Setup a storage cluster

Steps to deploy an APPUiO Managed Storage Cluster on an OpenShift 4 cluster on cloudscale.ch.

Starting situation

  • You already have an OpenShift 4 cluster on cloudscale.ch

  • You want to deploy the APPUiO Managed Storage Cluster addon on that OpenShift 4 cluster.

  • You have admin-level access to the OpenShift 4 cluster on which you want to setup a storage cluster.

Prerequisites

Steps

  1. Configure API access

    export COMMODORE_API_URL=https://api.syn.vshn.net (1)
    export COMMODORE_API_TOKEN=<your lieutenant token>
    
    # Set Project Syn cluster and tenant ID
    export CLUSTER_ID=<lieutenant-cluster-id> # Looks like: c-cluster-id-1234
    export TENANT_ID=$(curl -sH "Authorization: Bearer ${COMMODORE_API_TOKEN}" ${COMMODORE_API_URL}/clusters/${CLUSTER_ID} | jq -r .tenant)
    1 Replace with the API URL of the desired Lieutenant instance.
  2. Create a local directory to work in and compile the cluster catalog

    export WORK_DIR=/path/to/work/dir
    mkdir -p "${WORK_DIR}"
    pushd "${WORK_DIR}"
    
    commodore catalog compile "${CLUSTER_ID}"

    We strongly recommend creating an empty directory, unless you already have a work directory for the cluster you’re about to work on. This guide will run Commodore in the directory created in this step.

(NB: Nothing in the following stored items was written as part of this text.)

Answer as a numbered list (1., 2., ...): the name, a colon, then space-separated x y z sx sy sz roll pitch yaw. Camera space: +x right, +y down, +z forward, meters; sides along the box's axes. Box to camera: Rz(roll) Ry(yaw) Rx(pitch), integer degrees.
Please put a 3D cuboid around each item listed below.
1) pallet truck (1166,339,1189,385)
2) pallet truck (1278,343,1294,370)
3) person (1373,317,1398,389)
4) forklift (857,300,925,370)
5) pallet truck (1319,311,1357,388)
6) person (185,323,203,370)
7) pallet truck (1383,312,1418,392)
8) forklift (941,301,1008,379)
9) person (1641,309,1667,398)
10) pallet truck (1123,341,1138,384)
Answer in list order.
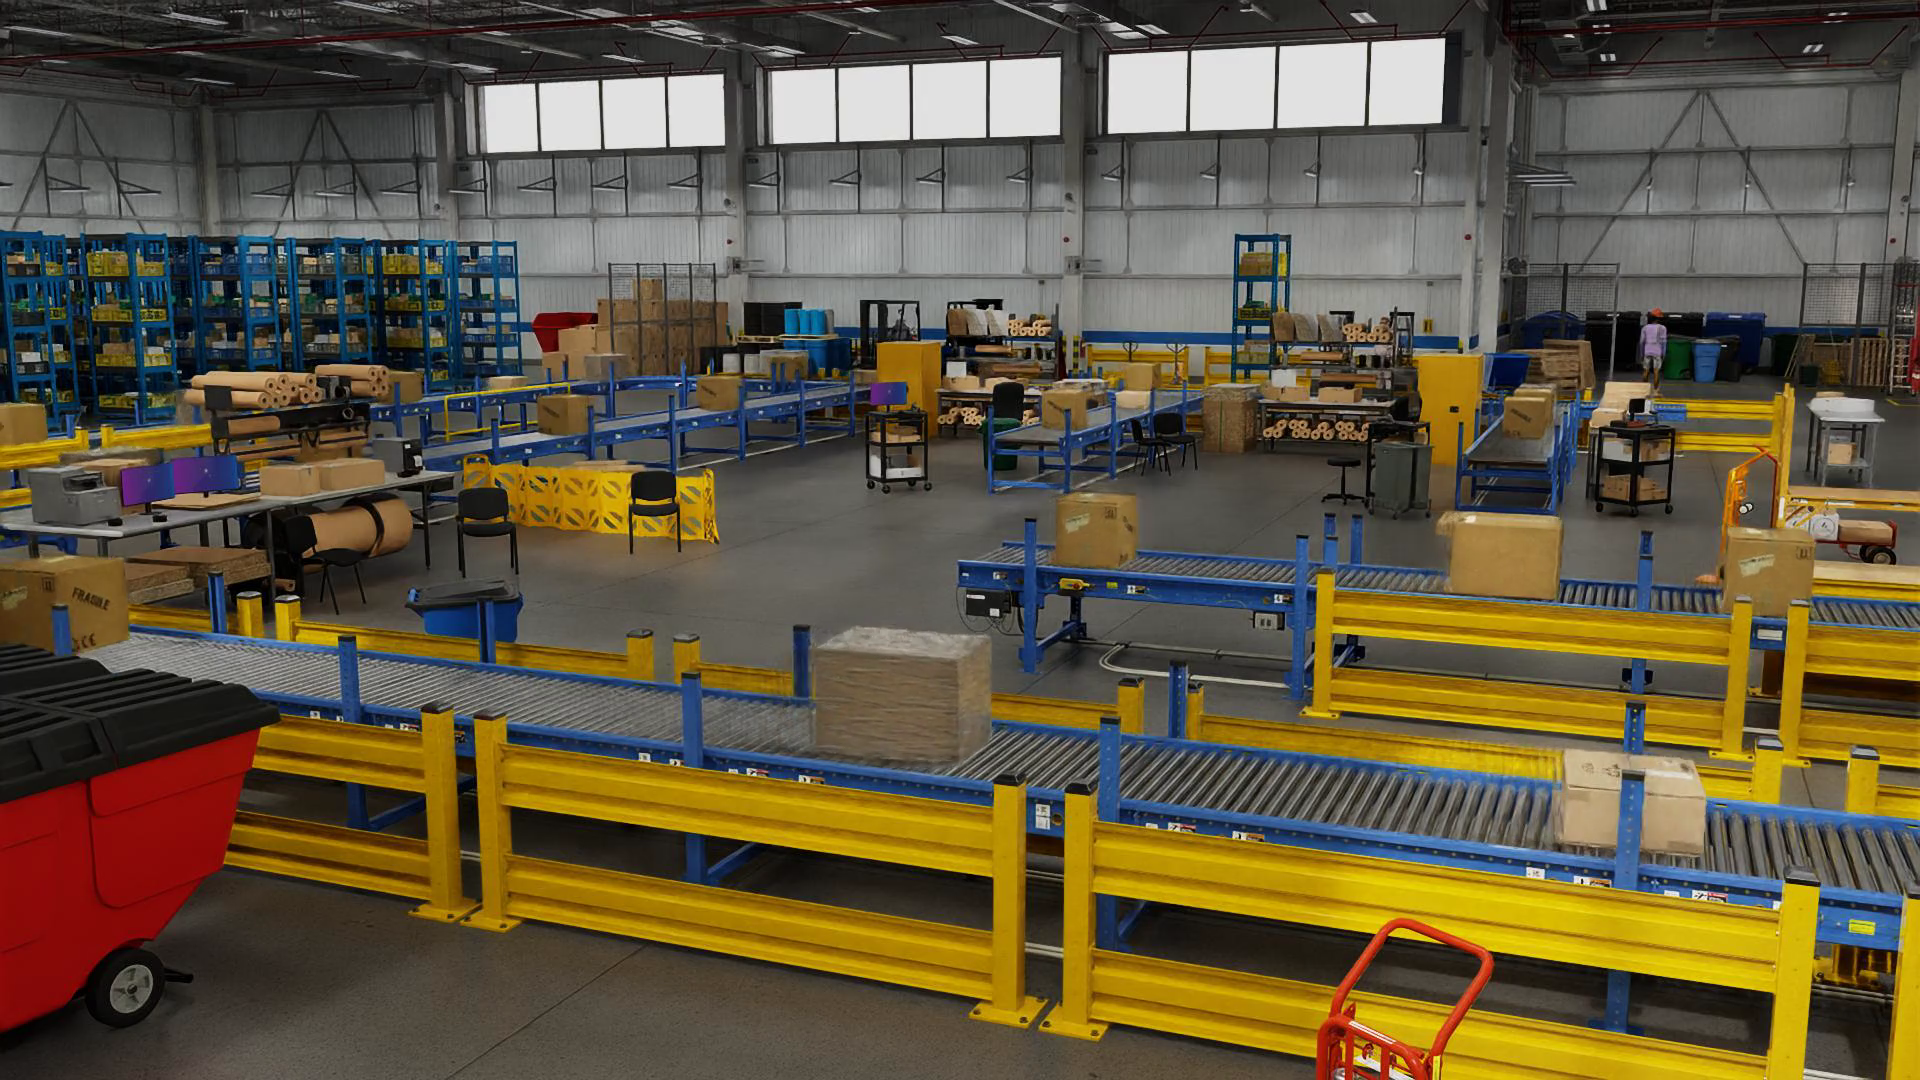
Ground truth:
1. pallet truck: 5.418 -4.269 40.420 0.704 1.261 1.522 3 10 20
2. pallet truck: 7.886 -4.163 39.743 0.653 1.274 1.630 4 10 22
3. person: 9.314 -3.942 36.578 0.410 1.909 0.642 -5 11 -29
4. forklift: -1.732 -5.109 42.468 1.157 1.987 2.680 4 10 22
5. pallet truck: 9.071 -4.419 39.190 0.823 1.965 1.885 5 10 26
6. person: -17.951 -4.311 39.014 0.564 1.840 0.394 -4 10 -21
7. pallet truck: 10.207 -4.283 38.369 0.823 1.965 1.885 3 10 20
8. forklift: 0.365 -4.966 41.571 1.157 1.987 2.680 3 10 20
9. person: 15.968 -4.290 38.272 0.377 2.045 0.605 -8 12 -39
10. pallet truck: 4.445 -4.380 41.279 0.680 1.201 1.601 4 10 22

  3. Configure a new worker group called storage for the cluster

    pushd "inventory/classes/${TENANT_ID}"
    yq -i e '.parameters.openshift4_terraform.terraform_variables.additional_worker_groups=
      {
        "storage": {
          "count": 3,
          "flavor": "plus-32"
        }
      }' "${CLUSTER_ID}.yml"
    
    git commit -am "Configure storage cluster nodes for ${CLUSTER_ID}"
    git push origin master
    popd
  4. Compile and push the cluster catalog

    commodore catalog compile "${CLUSTER_ID}" --push -i
  5. Navigate to the cluster catalog repository and trigger the Terraform apply step if the plan output looks ok.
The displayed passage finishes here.